父子俩的审美终于统一了一次,石中天老怀大慰:“我就说晓妆这丫头和我们家有缘嘛,就算我们老家伙不撮合,你们自己也得在一块。”
晓妆两颊绯红,像染了黄昏的云霞,默默低下头,在石璋掌心轻轻划拉两下。
石璋越看越爱,满心欢喜,若不是当着老爹的面,就想抱着晓妆亲两口。
石中天去书房找当年的照片了,石璋抱着晓妆在沙发上腻歪。
晓妆好像还有些难以置信,眼神有点空洞,语气轻飘飘的:“你说怎么会这么巧呢?石叔叔和我爸爸正好是战友?然后我第一次相亲就相到了男朋友?”
“幸好遇到的是我。”石璋低头狠狠闻她头发上的香气,抱着她就觉得非常舒服,怎么都不会厌烦:“如果是别的男人看中了你,我该怎么办。”
“别人看中我又如何?我看不上他们呀。”晓妆理所当然地说:“我有你就够了。”
她眼中的倾慕和喜爱看上去纯粹而毫无杂念,石璋被那份毫无保留的依赖打动,心中一片柔软。

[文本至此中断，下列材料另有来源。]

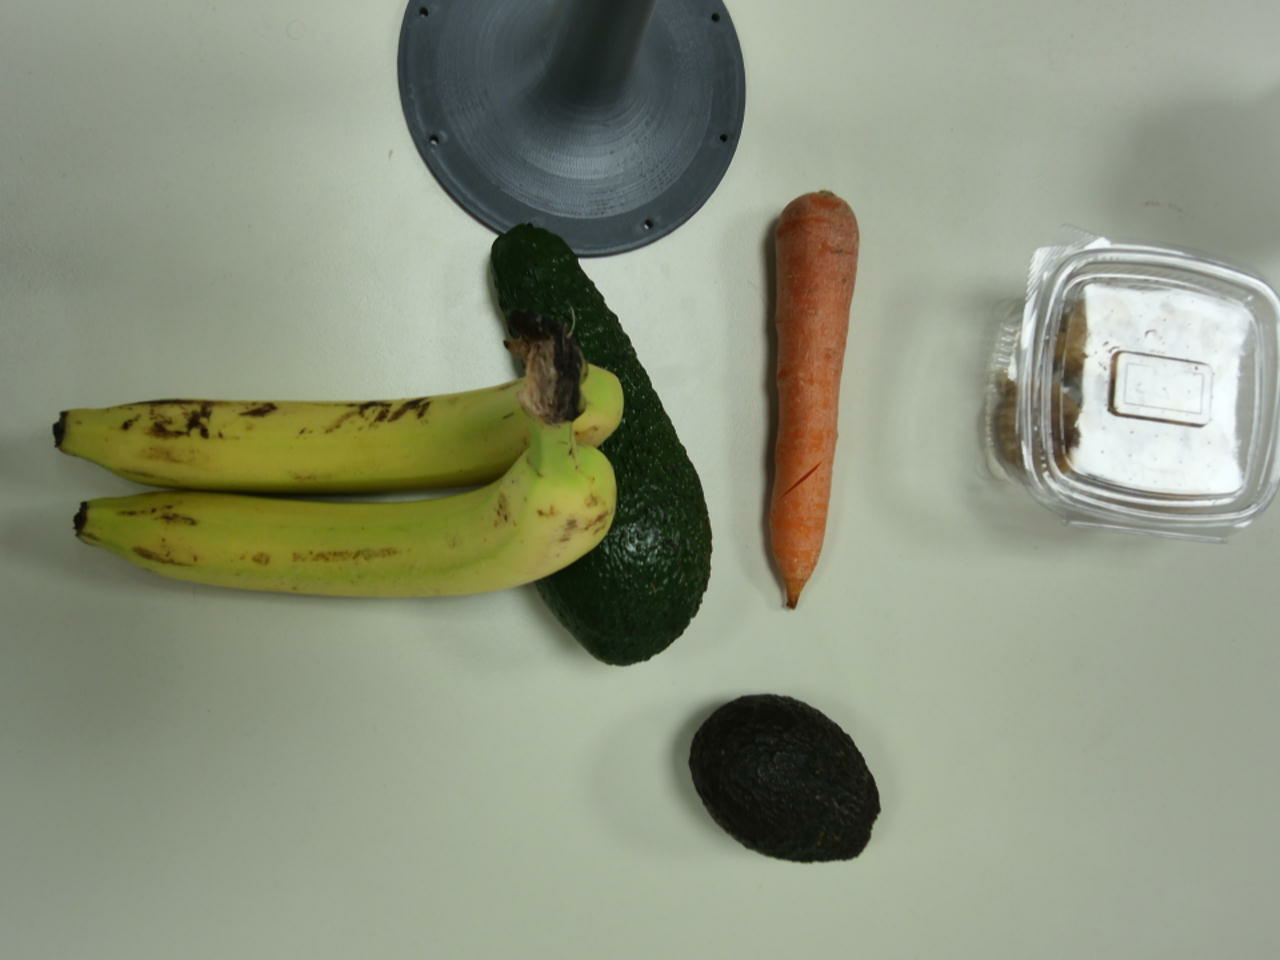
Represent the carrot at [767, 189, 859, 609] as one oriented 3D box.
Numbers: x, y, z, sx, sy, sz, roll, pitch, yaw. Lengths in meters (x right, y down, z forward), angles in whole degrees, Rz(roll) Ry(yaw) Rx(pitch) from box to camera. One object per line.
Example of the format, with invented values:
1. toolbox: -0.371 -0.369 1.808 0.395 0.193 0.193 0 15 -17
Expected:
1. carrot: 0.081 -0.036 0.469 0.039 0.041 0.196 1 90 -12

正如很多人看到的那样,从第一眼相遇开始,洪晓妆就差没把喜欢他写在脸上了——对于得来太过容易的东西,男人从本心上是不太珍惜的。
如今却觉得感动和钦佩,再无丝毫轻视。
男人活一辈子到底在追求什么呢,酒色财气都是浮云,可有个年轻姑娘这样心无旁骛地爱自己,是多少人几世修不到的福气。

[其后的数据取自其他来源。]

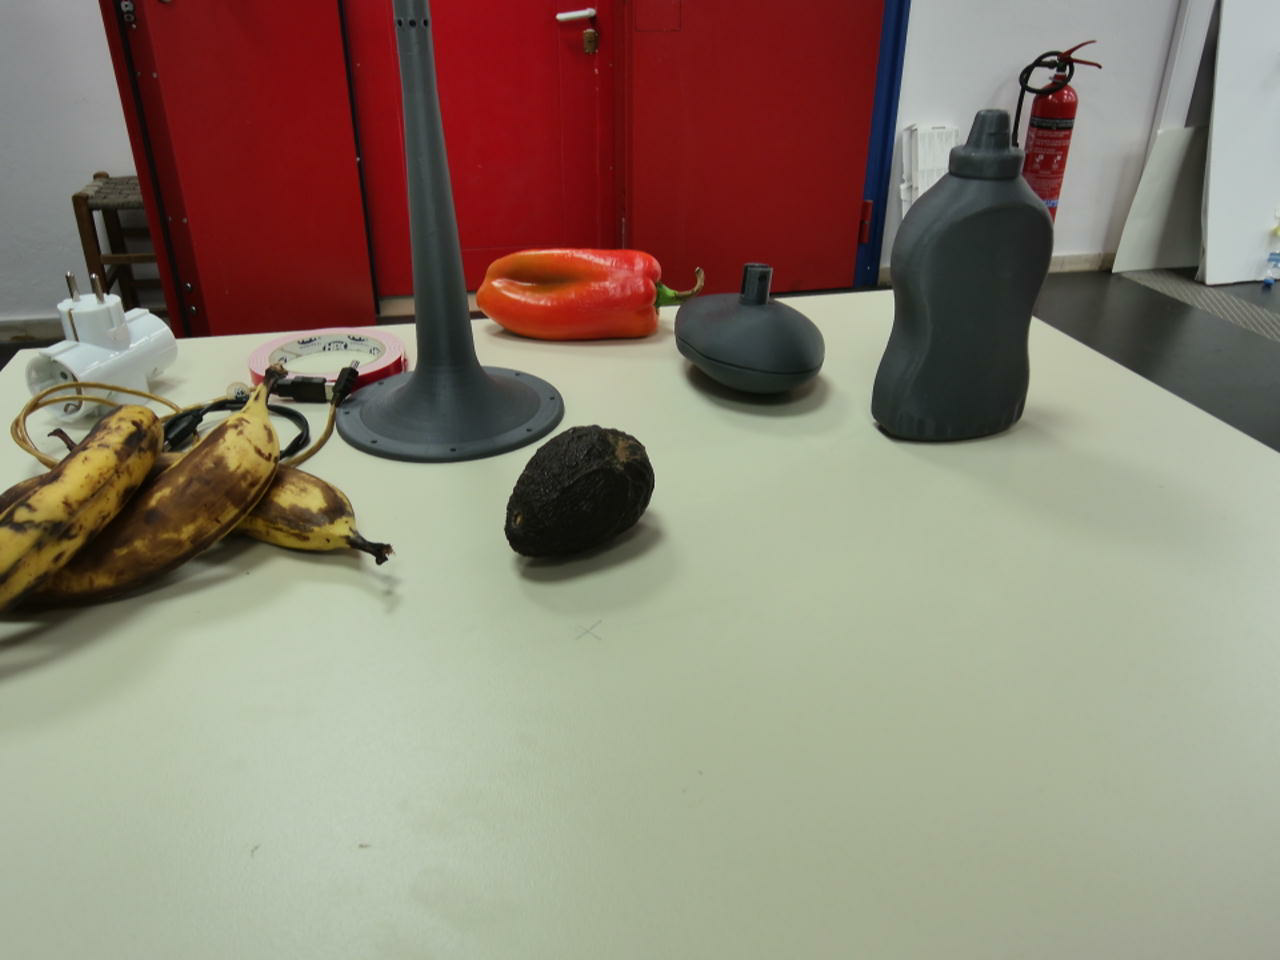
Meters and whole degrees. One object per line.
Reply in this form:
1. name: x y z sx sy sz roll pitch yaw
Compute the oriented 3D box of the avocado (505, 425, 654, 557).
1. avocado: -0.033 0.005 0.524 0.092 0.062 0.062 -18 31 -32

石中天这时候捧着相册出来,指着一张老照片,对石璋说:“你看看这是谁?”
石璋看到照片上抱着襁褓,满脸不耐烦的自己,不可思议地问晓妆:“我当时抱的是你?”
晓妆点点头:“包我的这个红底黄花的小被子,现在还在我家橱里收着呢。”
石璋哈哈大笑:“以后婚礼上就把这张照片印出来摆在门口,告诉大伙我在我媳妇四个月的时候就预订……”
他突然哑然,发现自己脱口而出了很久很远,几乎从来没有想过的事情。
婚礼。
结婚。
和一个女人结婚。
用条条框框把自己约束起来。
甚至生小孩。
有个软趴趴的小鬼头叫他爸爸。
听上去多么可怕的事情,之前石璋避之如蛇蝎,现在居然感到值得期待。
石璋用审视的眼光一遍遍看晓妆,从头到脚,从里到外。
他知道自己心态的变化全是由于她,之前总觉得不够漂亮,不够时髦,带出去没面子,有点配不上自己的女孩,却在潜移默化中给他的生活带来了这么多变化。
如今他甚至开始畅想与她携手走进婚姻。
石璋又看了眼旧照片,小男孩脑袋圆圆的,小女婴的胎发剪得乱七八糟。只觉得莫非缘分真是上天注定,兜兜转转,还是绕不开她。